§ SOURCE DATA:

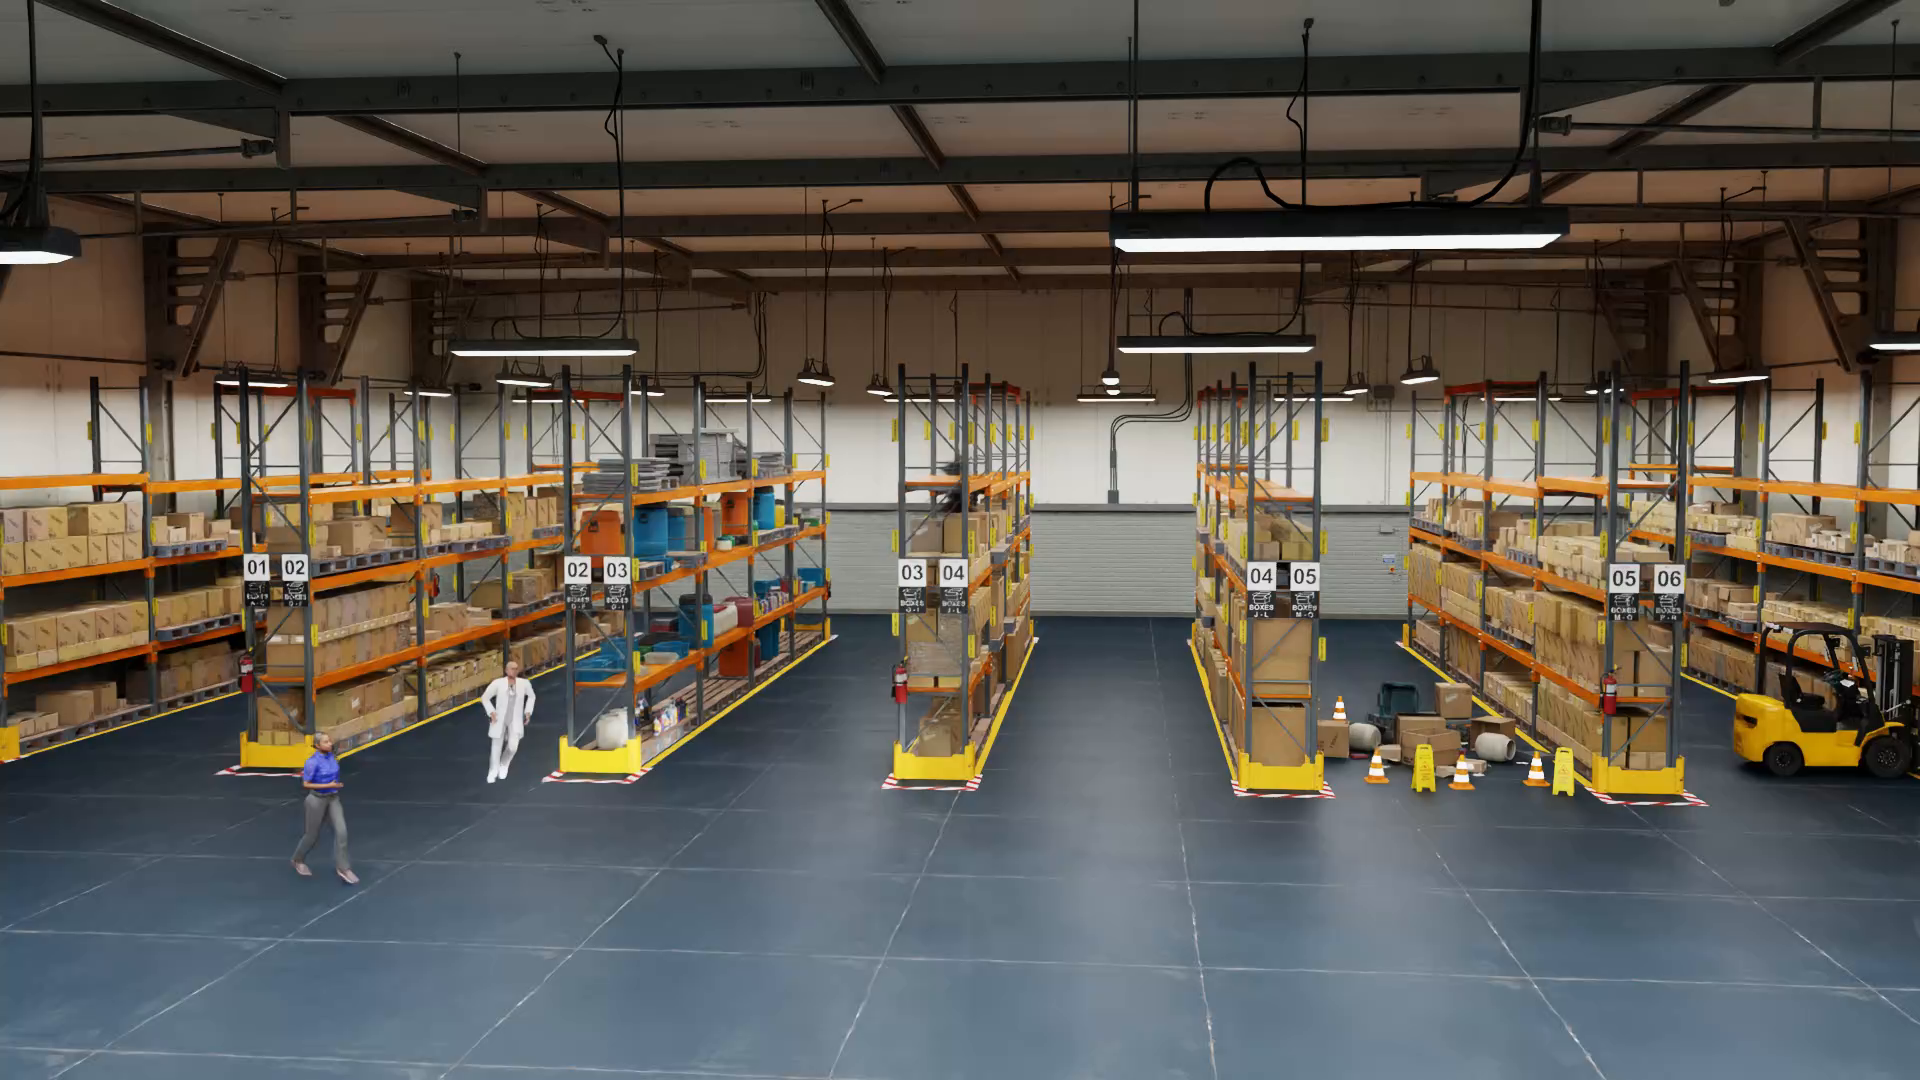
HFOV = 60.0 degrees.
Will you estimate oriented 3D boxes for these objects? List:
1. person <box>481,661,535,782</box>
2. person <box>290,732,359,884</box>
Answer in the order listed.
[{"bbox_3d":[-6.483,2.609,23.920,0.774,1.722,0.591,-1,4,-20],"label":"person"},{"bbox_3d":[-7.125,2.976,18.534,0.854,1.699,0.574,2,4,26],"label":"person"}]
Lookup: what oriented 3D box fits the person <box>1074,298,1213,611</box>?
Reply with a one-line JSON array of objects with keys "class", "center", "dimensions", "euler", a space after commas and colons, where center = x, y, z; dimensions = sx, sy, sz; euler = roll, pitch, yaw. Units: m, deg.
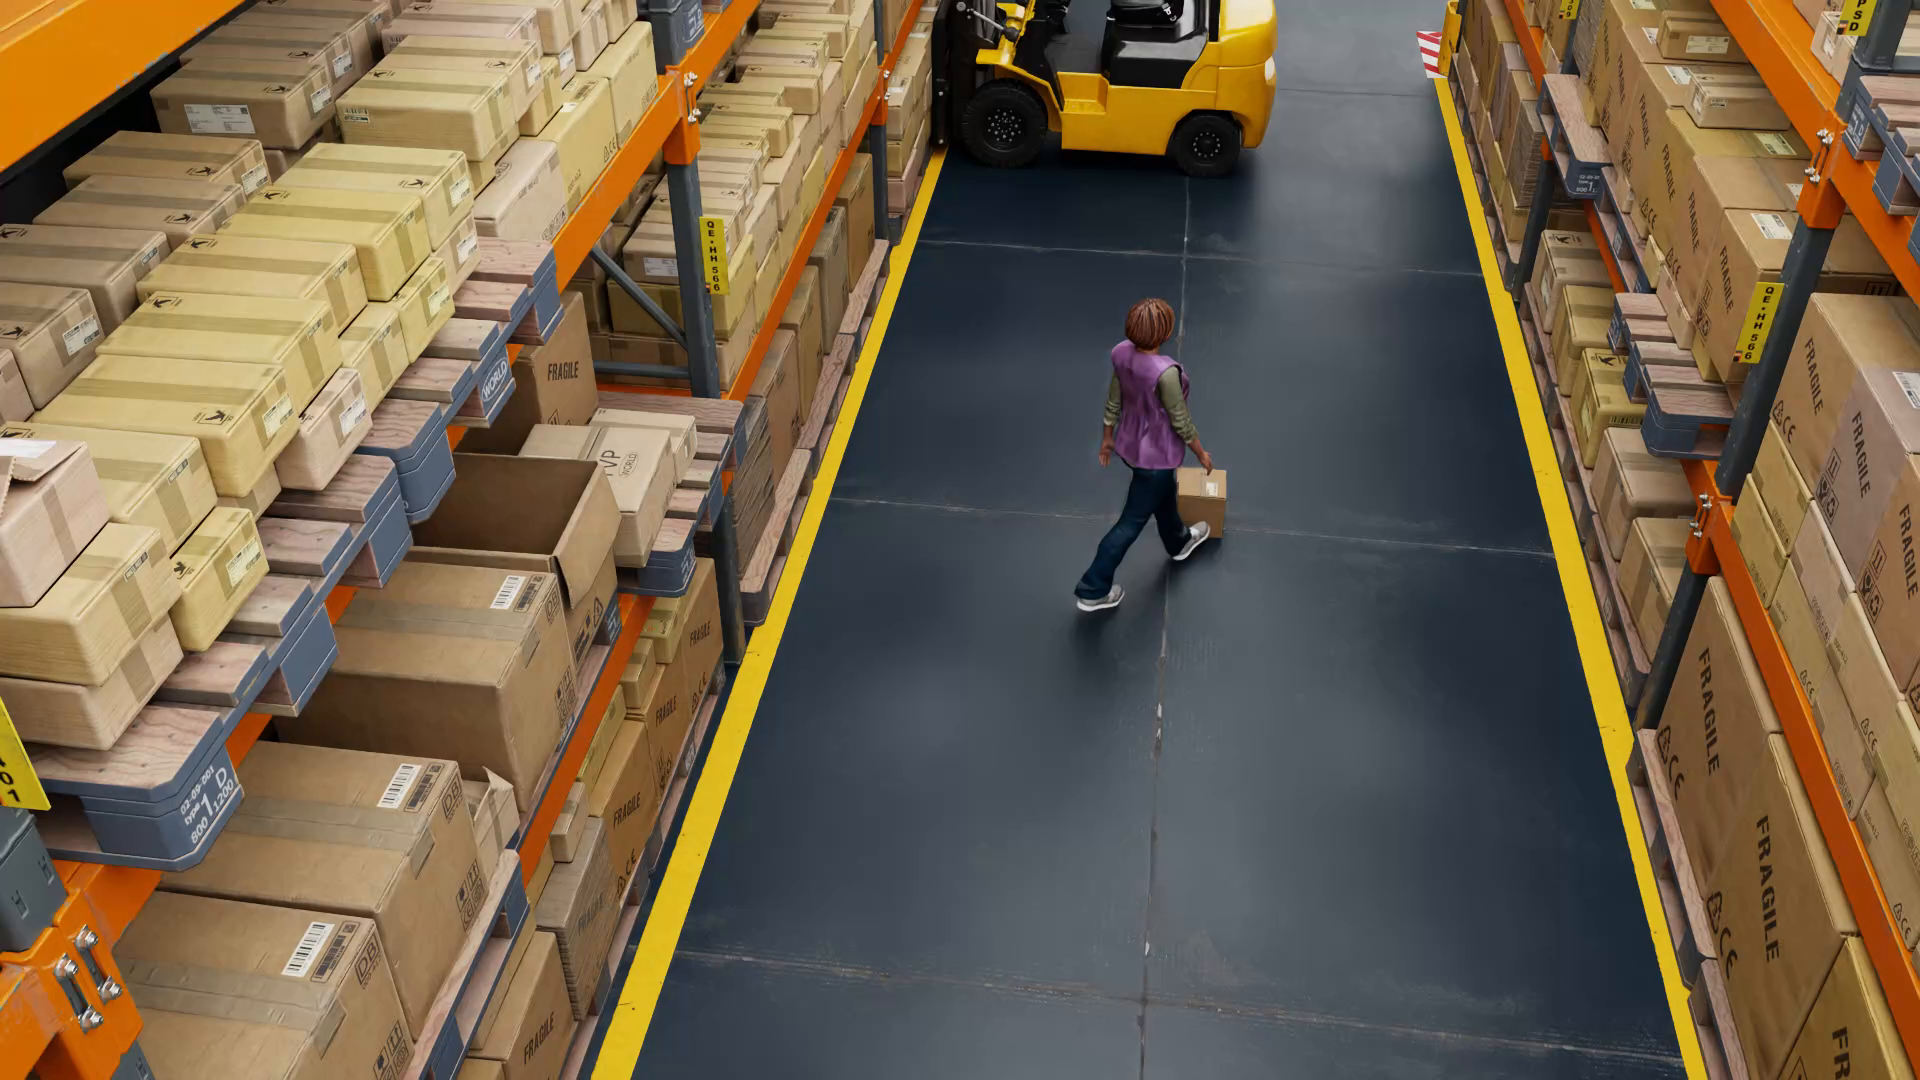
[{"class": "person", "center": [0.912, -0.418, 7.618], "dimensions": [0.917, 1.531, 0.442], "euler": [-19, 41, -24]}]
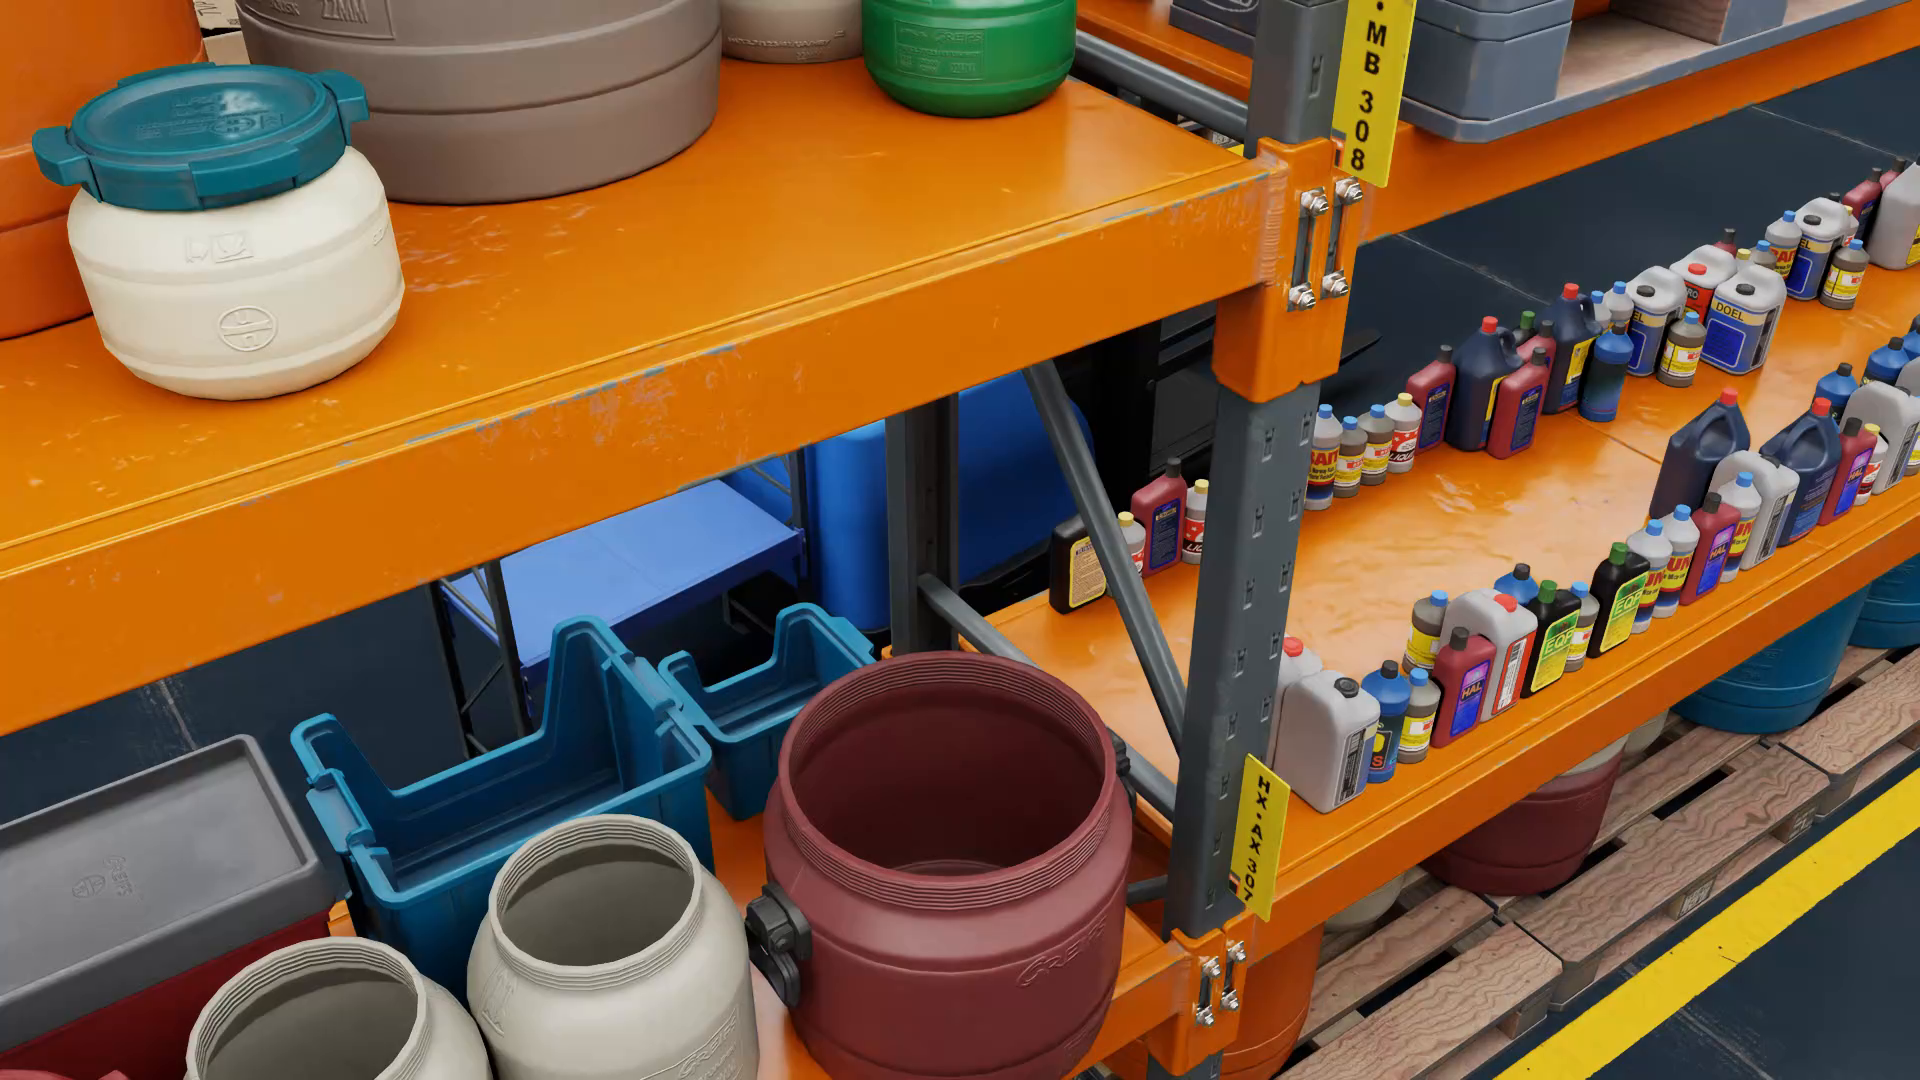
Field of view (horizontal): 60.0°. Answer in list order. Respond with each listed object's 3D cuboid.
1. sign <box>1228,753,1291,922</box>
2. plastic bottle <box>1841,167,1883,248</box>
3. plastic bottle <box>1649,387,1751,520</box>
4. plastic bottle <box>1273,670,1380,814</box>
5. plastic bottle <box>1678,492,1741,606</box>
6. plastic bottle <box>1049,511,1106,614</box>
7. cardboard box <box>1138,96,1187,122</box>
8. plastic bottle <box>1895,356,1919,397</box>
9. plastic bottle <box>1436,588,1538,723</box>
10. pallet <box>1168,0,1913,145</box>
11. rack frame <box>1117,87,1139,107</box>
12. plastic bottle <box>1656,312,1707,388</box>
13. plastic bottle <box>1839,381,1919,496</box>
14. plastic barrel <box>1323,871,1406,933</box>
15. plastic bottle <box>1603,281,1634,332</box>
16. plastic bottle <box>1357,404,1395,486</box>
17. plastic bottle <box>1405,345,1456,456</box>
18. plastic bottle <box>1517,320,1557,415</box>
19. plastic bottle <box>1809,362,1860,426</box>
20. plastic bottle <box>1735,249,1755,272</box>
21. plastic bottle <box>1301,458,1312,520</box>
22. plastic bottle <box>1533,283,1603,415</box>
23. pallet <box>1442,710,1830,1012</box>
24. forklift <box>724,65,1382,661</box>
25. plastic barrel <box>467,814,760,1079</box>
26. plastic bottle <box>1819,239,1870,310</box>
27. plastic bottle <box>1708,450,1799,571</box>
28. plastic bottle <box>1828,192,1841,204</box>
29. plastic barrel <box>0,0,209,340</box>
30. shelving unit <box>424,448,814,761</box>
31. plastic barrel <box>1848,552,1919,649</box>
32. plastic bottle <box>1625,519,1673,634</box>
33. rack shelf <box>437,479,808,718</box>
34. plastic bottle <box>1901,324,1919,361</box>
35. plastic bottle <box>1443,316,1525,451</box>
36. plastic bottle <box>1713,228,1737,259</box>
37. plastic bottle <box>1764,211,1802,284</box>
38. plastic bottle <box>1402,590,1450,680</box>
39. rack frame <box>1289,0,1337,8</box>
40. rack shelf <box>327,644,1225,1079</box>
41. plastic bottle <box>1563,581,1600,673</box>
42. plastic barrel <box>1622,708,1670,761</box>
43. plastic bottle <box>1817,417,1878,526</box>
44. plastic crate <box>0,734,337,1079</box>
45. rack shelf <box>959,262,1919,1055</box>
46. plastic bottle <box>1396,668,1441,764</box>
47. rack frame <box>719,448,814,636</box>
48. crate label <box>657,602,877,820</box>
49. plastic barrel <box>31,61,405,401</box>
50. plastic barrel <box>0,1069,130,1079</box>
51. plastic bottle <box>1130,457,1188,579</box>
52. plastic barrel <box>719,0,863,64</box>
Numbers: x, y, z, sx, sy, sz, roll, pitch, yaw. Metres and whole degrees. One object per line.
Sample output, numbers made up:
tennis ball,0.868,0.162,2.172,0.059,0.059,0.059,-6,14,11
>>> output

§ WHAT IS NEEDED: Your answer is all of the records restated word for word, pictures excluded.

§ OUTPUT FOR THIS EXERCISE:
HFOV = 60.0 degrees.
Will you estimate oriented 3D boxes for these objects? List:
1. person <box>481,661,535,782</box>
2. person <box>290,732,359,884</box>
Answer in the order listed.
[{"bbox_3d":[-6.483,2.609,23.920,0.774,1.722,0.591,-1,4,-20],"label":"person"},{"bbox_3d":[-7.125,2.976,18.534,0.854,1.699,0.574,2,4,26],"label":"person"}]
Lookup: what oriented 3D box fits the person <box>1074,298,1213,611</box>?
Reply with a one-line JSON array of objects with keys "class", "center", "dimensions", "euler", a space after commas and colons, where center = x, y, z; dimensions = sx, sy, sz; euler = roll, pitch, yaw. Units: m, deg.
[{"class": "person", "center": [0.912, -0.418, 7.618], "dimensions": [0.917, 1.531, 0.442], "euler": [-19, 41, -24]}]
Field of view (horizontal): 60.0°. Answer in list order. Respond with each listed object's 3D cuboid.
1. sign <box>1228,753,1291,922</box>
2. plastic bottle <box>1841,167,1883,248</box>
3. plastic bottle <box>1649,387,1751,520</box>
4. plastic bottle <box>1273,670,1380,814</box>
5. plastic bottle <box>1678,492,1741,606</box>
6. plastic bottle <box>1049,511,1106,614</box>
7. cardboard box <box>1138,96,1187,122</box>
8. plastic bottle <box>1895,356,1919,397</box>
9. plastic bottle <box>1436,588,1538,723</box>
10. pallet <box>1168,0,1913,145</box>
11. rack frame <box>1117,87,1139,107</box>
12. plastic bottle <box>1656,312,1707,388</box>
13. plastic bottle <box>1839,381,1919,496</box>
14. plastic barrel <box>1323,871,1406,933</box>
15. plastic bottle <box>1603,281,1634,332</box>
16. plastic bottle <box>1357,404,1395,486</box>
17. plastic bottle <box>1405,345,1456,456</box>
18. plastic bottle <box>1517,320,1557,415</box>
19. plastic bottle <box>1809,362,1860,426</box>
20. plastic bottle <box>1735,249,1755,272</box>
21. plastic bottle <box>1301,458,1312,520</box>
22. plastic bottle <box>1533,283,1603,415</box>
23. pallet <box>1442,710,1830,1012</box>
24. forklift <box>724,65,1382,661</box>
25. plastic barrel <box>467,814,760,1079</box>
26. plastic bottle <box>1819,239,1870,310</box>
27. plastic bottle <box>1708,450,1799,571</box>
28. plastic bottle <box>1828,192,1841,204</box>
29. plastic barrel <box>0,0,209,340</box>
30. shelving unit <box>424,448,814,761</box>
31. plastic barrel <box>1848,552,1919,649</box>
32. plastic bottle <box>1625,519,1673,634</box>
33. rack shelf <box>437,479,808,718</box>
34. plastic bottle <box>1901,324,1919,361</box>
35. plastic bottle <box>1443,316,1525,451</box>
36. plastic bottle <box>1713,228,1737,259</box>
37. plastic bottle <box>1764,211,1802,284</box>
38. plastic bottle <box>1402,590,1450,680</box>
39. rack frame <box>1289,0,1337,8</box>
40. rack shelf <box>327,644,1225,1079</box>
41. plastic bottle <box>1563,581,1600,673</box>
42. plastic barrel <box>1622,708,1670,761</box>
43. plastic bottle <box>1817,417,1878,526</box>
44. plastic crate <box>0,734,337,1079</box>
45. rack shelf <box>959,262,1919,1055</box>
46. plastic bottle <box>1396,668,1441,764</box>
47. rack frame <box>719,448,814,636</box>
48. crate label <box>657,602,877,820</box>
49. plastic barrel <box>31,61,405,401</box>
50. plastic barrel <box>0,1069,130,1079</box>
51. plastic bottle <box>1130,457,1188,579</box>
52. plastic barrel <box>719,0,863,64</box>
Numbers: x, y, z, sx, sy, sz, roll, pitch, yaw. Metres and whole degrees. One object per line.
Sample output, numbers made up:
tennis ball,0.868,0.162,2.172,0.059,0.059,0.059,-6,14,11
>>> output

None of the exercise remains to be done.